In Chapter 14 of his Biographia Literaria, Coleridge brings up one of his most famous dicta, the "willing suspension of disbelief . . . which constitutes poetic faith." I was watching a movie the other day on DVD. It's not a great movie, but it's entertaining enough in its own way. It's one of those movies that explores a man in freakish and cruel control of a woman - in this case a husband who imprisons his wife on a secluded island in a wilderness somewhere. The movie is Devil's Pond (2003) and it stars Kip Pardue (as the husband) and Tara Reid (as the wife). The blurb on the back of the DVD says this:
"What starts out as a romantic honeymoon getaway soon turns into a nightmare when [the wife] finds out that her new husband has no plans of ever letting her go. Trapped on a deserted island with no communication to the outside world, [the wife] realizes that only one of them will make it off the island alive!"
I don't think I'll spoil the movie for you (if so, sorry about that) when I tell you that, of course, after immense and at times bloody struggles it's the wife who manages to escape - and this is also what we as viewers ardently desire and long for. For most of the movie all we see is the two of them, alone on this deserted island. So where does the "suspension of disbelief" and that famous "poetic faith" come into the picture? Well, as you know (if you have ever had the pleasure of watching a movie on a DVD), these disks have a lot more on them than just the movie itself. Like a behind-the-scenes account of how a given movie was made. It's when I watched that part of this particular DVD that the idea of the "suspension of disbelief" and the "poetic faith" that it constitutes popped into my head. When I watched this part of the DVD, all my "illusions" got busted. The couple was not alone on that island. In fact, there were more people there than I thought that small island could possibly accommodate. No need to list them all. The director was there as well as the whole "motley crew," including stunt doubles.
After I had finished watching this part of the DVD, I had decided to watch the movie itself again.
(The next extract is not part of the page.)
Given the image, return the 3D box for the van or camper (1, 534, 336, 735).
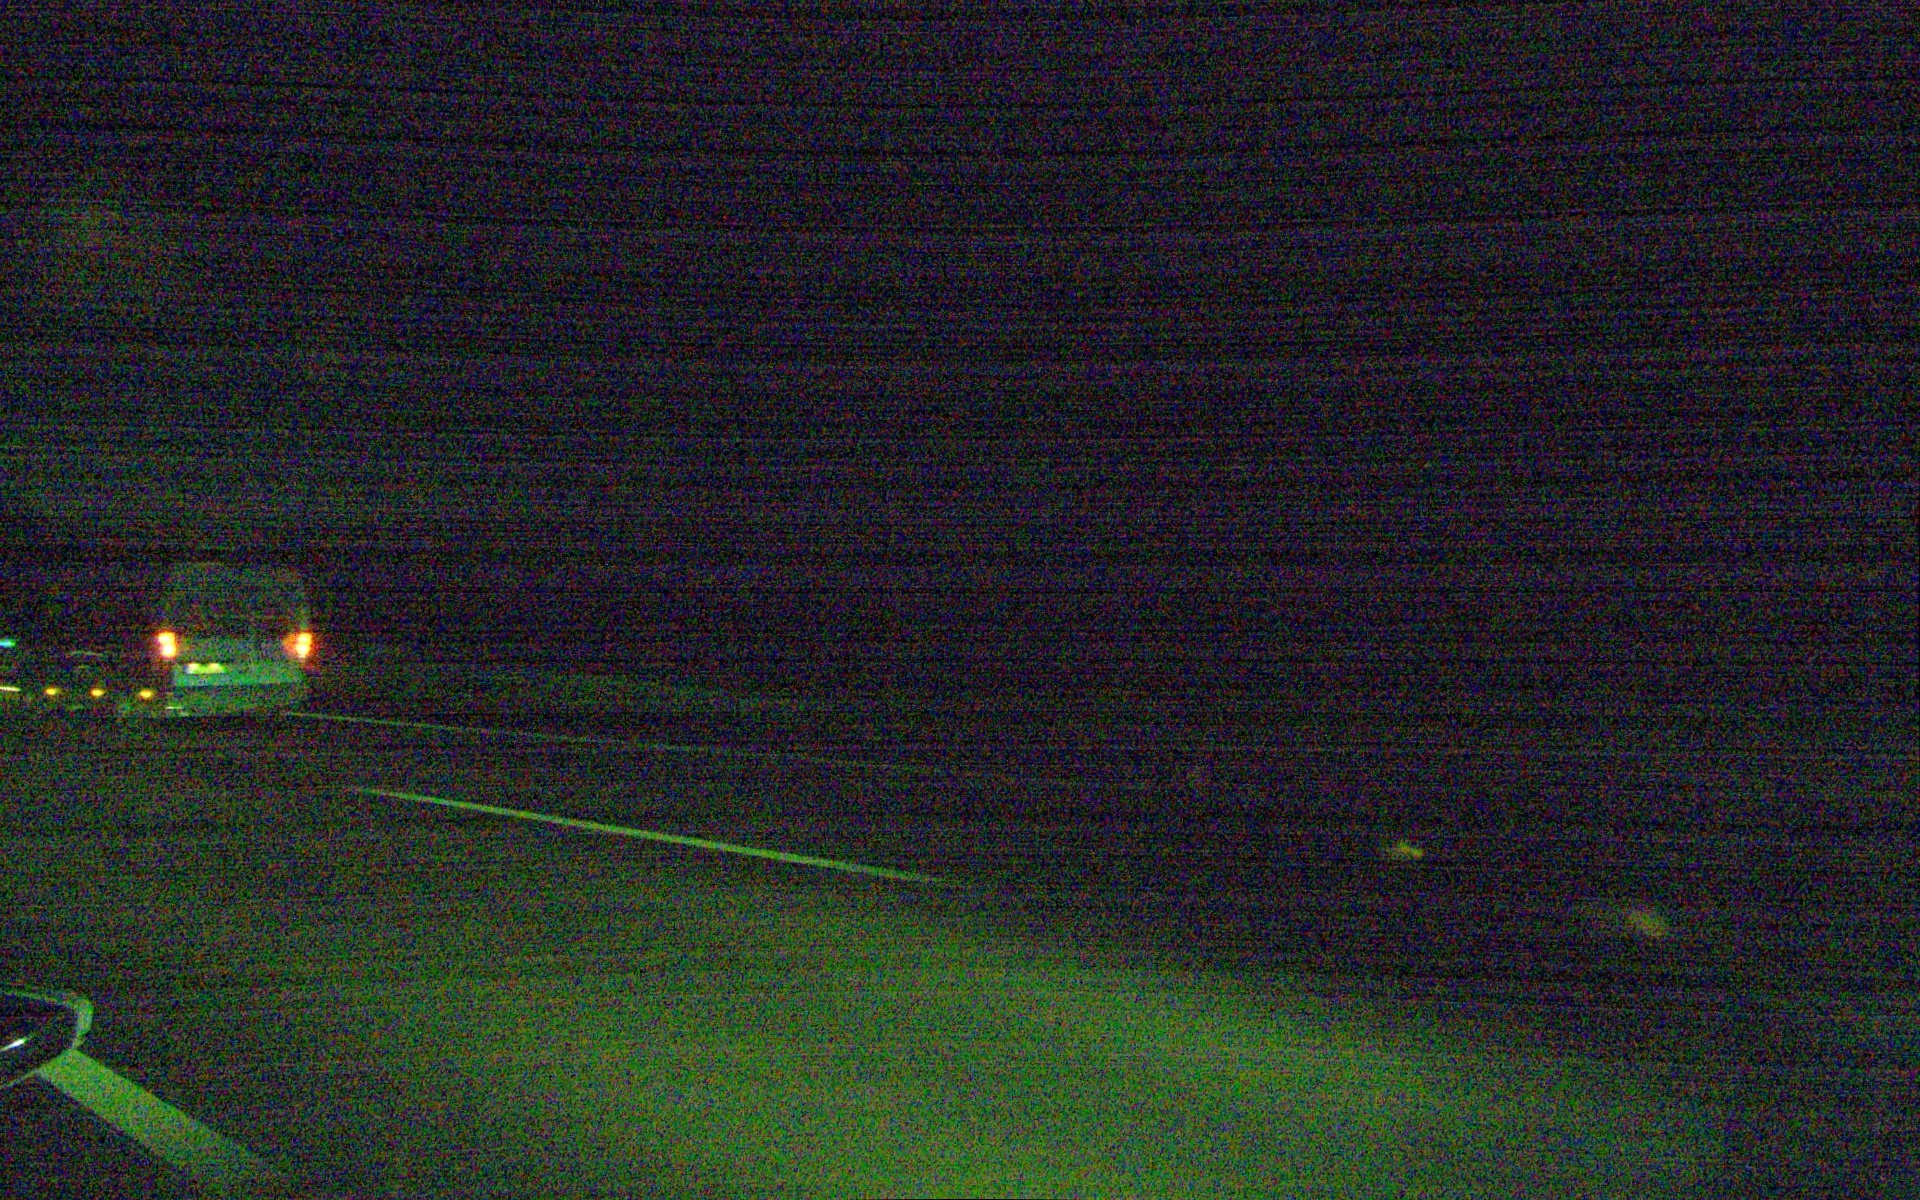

I wanted to see if I could still watch the movie as if by some magic I was merely witnessing events that were actually happening and that only I could see. For isn't this what happens when we watch a movie by ourselves? Even if we watch it in a theater, don't we feel that we are allowed to see something that's actually happening right in front of our eyes? Indeed, we allow ourselves the pleasure of the illusion that is always already created by a whole bunch of people behind the scenes. We see happenings that are made up, that are fictitious, and that are made up slowly by a whole bunch of people. (And, of course, we really know this behind, as it were, our own scenes.)
But doesn't this also happen when we are reading a novel? We don't think about how the story of the novel was made up. We just get into it and "see" what happens in it just by reading the words on the page in front of us. We don't think about the fact that a given writer wrote those words - on paper in the old days, on a computer's keyboard these days. And if we are reading a physical book, we don't stop to reflect on the fact that it had gone through its own "motley crew" before it became a physical book. Like an editor and a copy editor, and then the printer and the binder, etc.
Coleridge was simply giving verbal expression to something that we as human beings are apparently wired for: the capacity to overlook the making of a movie or a book in order to just see the story unfold, and to believe that what we are seeing is really happening right then and there. This is just one of the miracles of the human mind. According to one scientist, Robert A. Burton, M.D., "[e]ach neuron's DNA provides general instructions for how a cell operates and relates to other cells; it does not provide instructions for logic, reason, or poetry. And yet, out of this mess of cells comes Shakespeare and Newton. Consciousness, intentionality, purpose, and meaning all emerge from the interactions between billions of neurons that do not contain these elements." [The quote is from Dr. Burton's On Being Certain: Believing You Are Right Even When You Are Not (New York: St. Martin's Press: 2008)]
It doesn't take much reading between the lines to see that the mind is somehow more than the brain, that it's a case where the whole is greater than the sum of its parts. Yet the mind, according to scientific consensus, is nothing more than what's generated by the brain and its billions of neurons. We can only wonder at what appears to be nothing short of a miracle. Ah, that "willing suspension of disbelief . . . which constitutes poetic faith" is alive and well, as long as we ourselves stay alive and well. And one of the ways in which we may enjoy this miracle of the human mind is by watching movies or reading novels or poems. Isn't this just incredible? Yet don't we believe it anyway?